Exercise material Block Start

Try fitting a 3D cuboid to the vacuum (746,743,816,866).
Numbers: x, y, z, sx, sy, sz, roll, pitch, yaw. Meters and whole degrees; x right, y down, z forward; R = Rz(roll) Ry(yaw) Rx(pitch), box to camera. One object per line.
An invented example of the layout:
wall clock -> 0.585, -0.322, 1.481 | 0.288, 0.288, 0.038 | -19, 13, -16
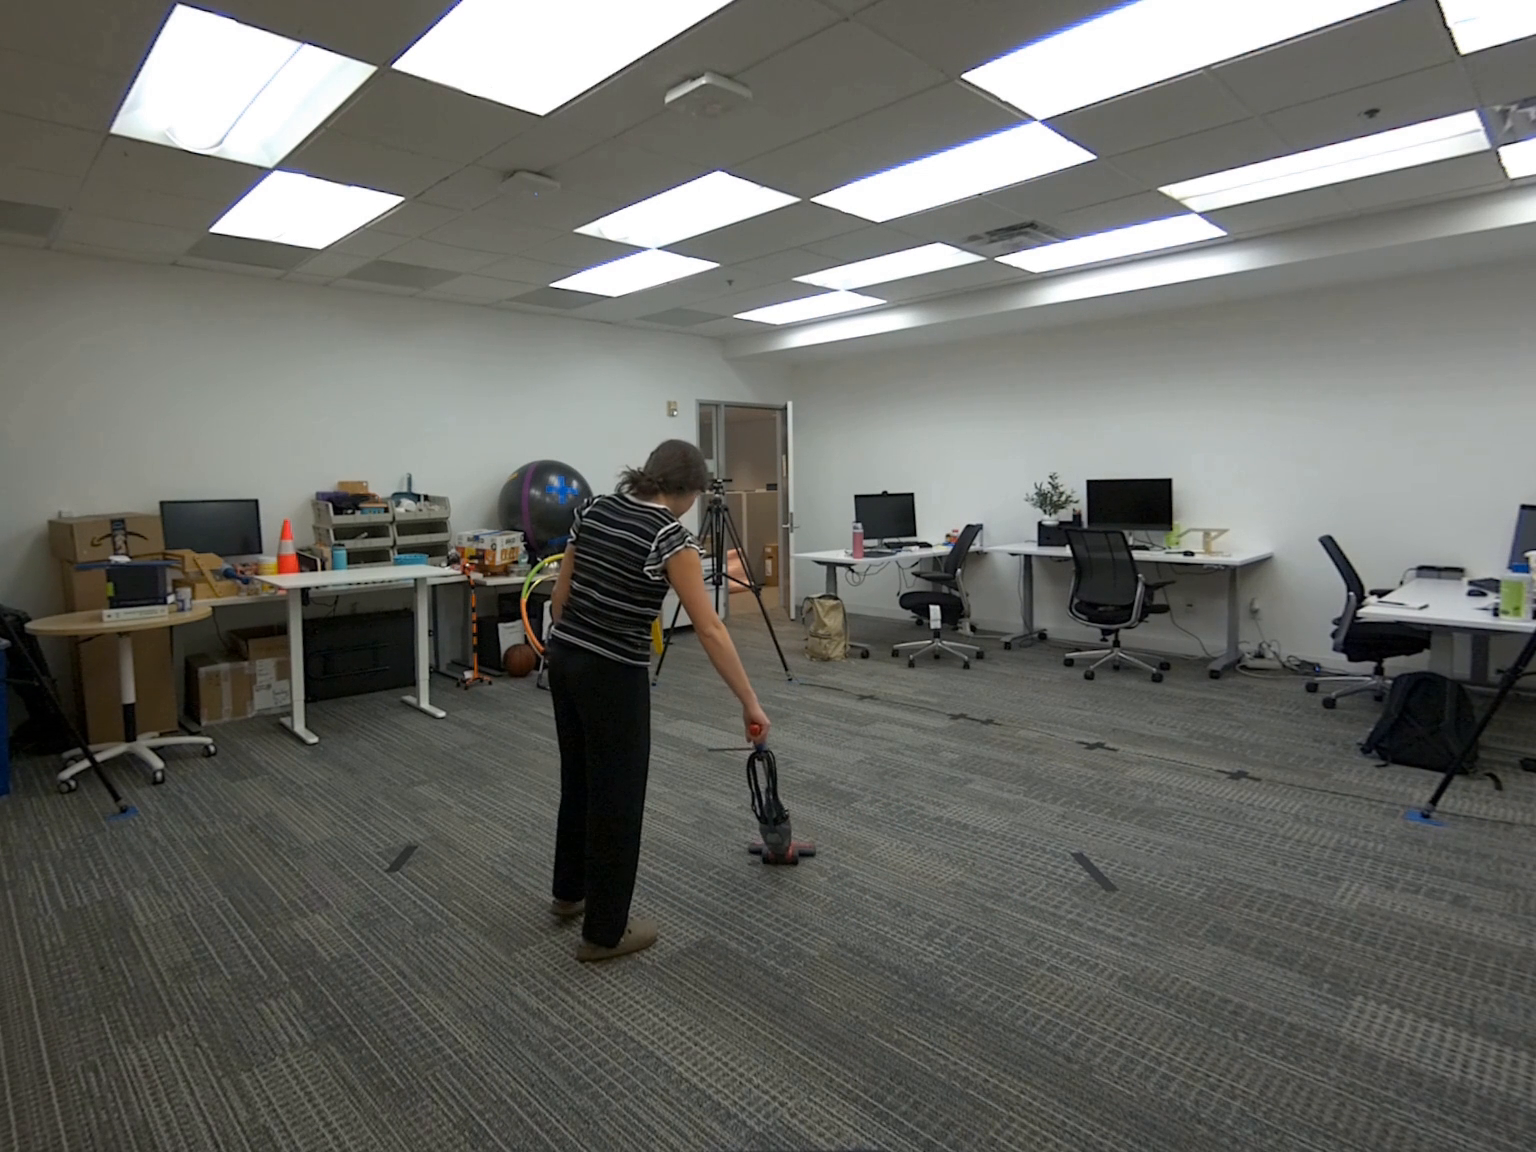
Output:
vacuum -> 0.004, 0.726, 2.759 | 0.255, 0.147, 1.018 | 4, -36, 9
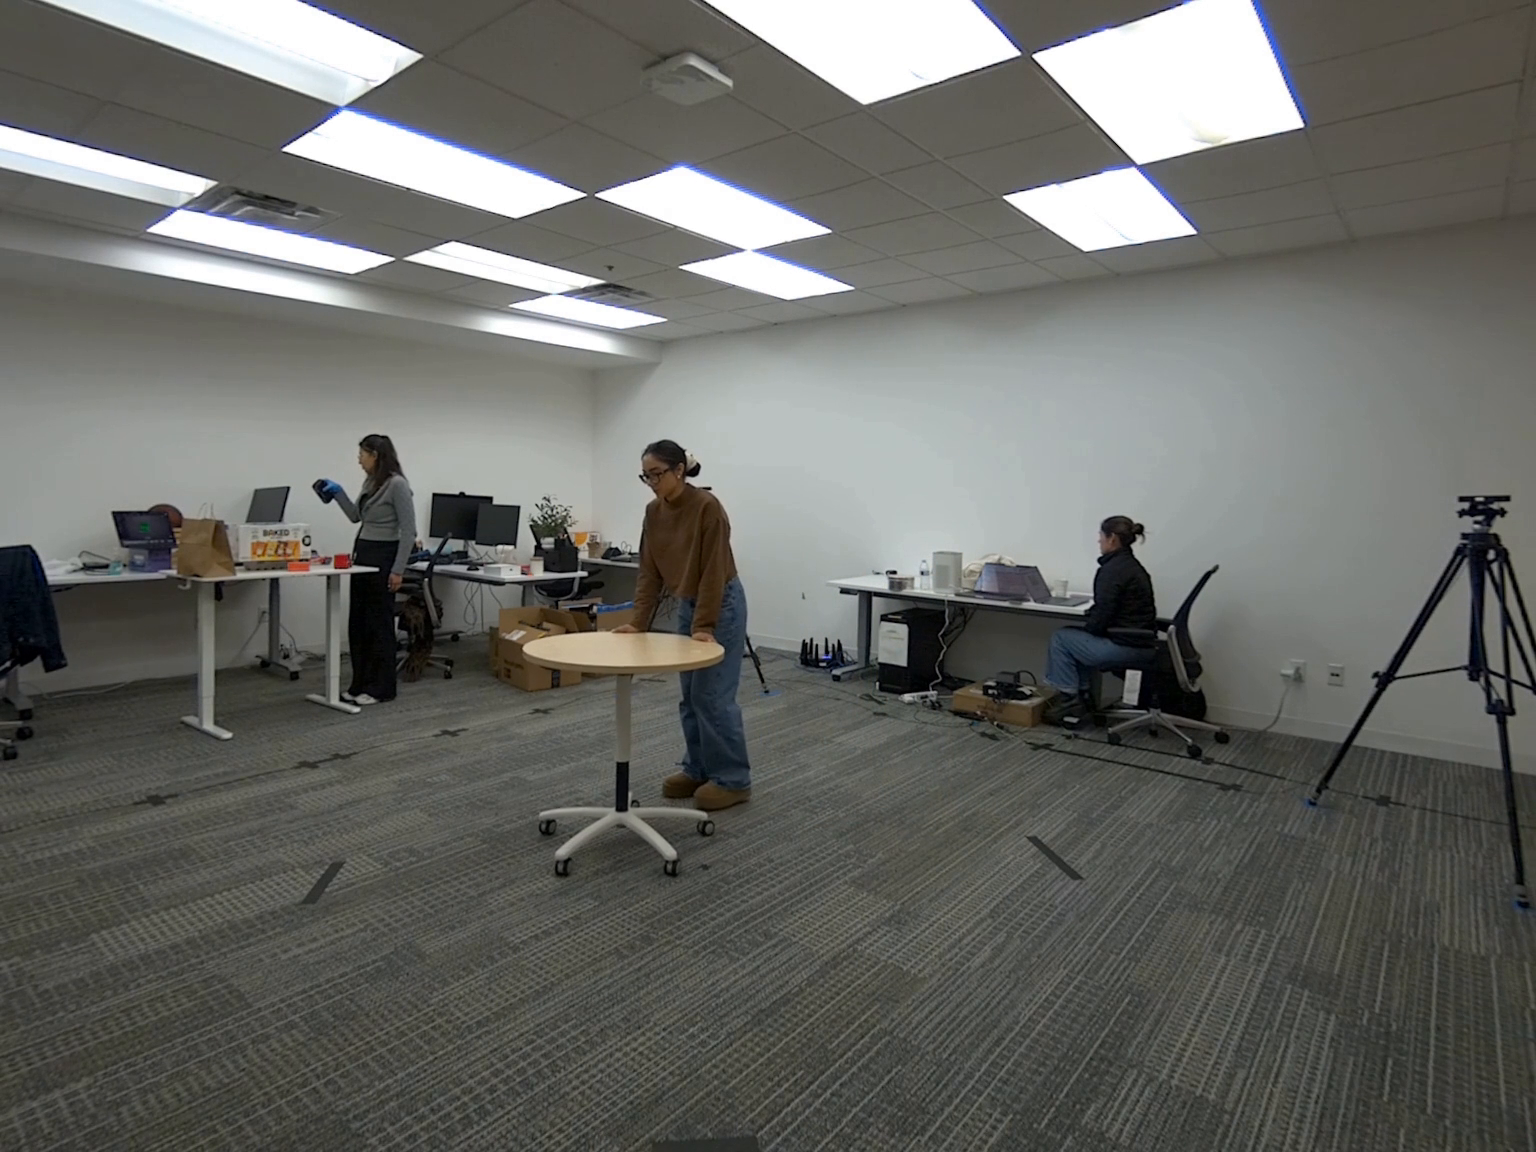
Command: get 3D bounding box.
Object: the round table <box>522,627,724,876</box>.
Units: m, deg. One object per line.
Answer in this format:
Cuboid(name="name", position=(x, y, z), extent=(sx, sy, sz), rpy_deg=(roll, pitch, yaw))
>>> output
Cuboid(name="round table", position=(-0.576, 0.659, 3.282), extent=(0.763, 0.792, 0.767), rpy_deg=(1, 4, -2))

Exercise material Block End

### Your objective
With the pictures left out, return the listing above exactly as it stands.

### Response to the exercise
Try fitting a 3D cuboid to the vacuum (746,743,816,866).
Numbers: x, y, z, sx, sy, sz, roll, pitch, yaw. Meters and whole degrees; x right, y down, z forward; R = Rz(roll) Ry(yaw) Rx(pitch), box to camera. One object per line.
An invented example of the layout:
wall clock -> 0.585, -0.322, 1.481 | 0.288, 0.288, 0.038 | -19, 13, -16
Output:
vacuum -> 0.004, 0.726, 2.759 | 0.255, 0.147, 1.018 | 4, -36, 9
Command: get 3D bounding box.
Object: the round table <box>522,627,724,876</box>.
Units: m, deg. One object per line.
Answer in this format:
Cuboid(name="name", position=(x, y, z), extent=(sx, sy, sz), rpy_deg=(roll, pitch, yaw))
>>> output
Cuboid(name="round table", position=(-0.576, 0.659, 3.282), extent=(0.763, 0.792, 0.767), rpy_deg=(1, 4, -2))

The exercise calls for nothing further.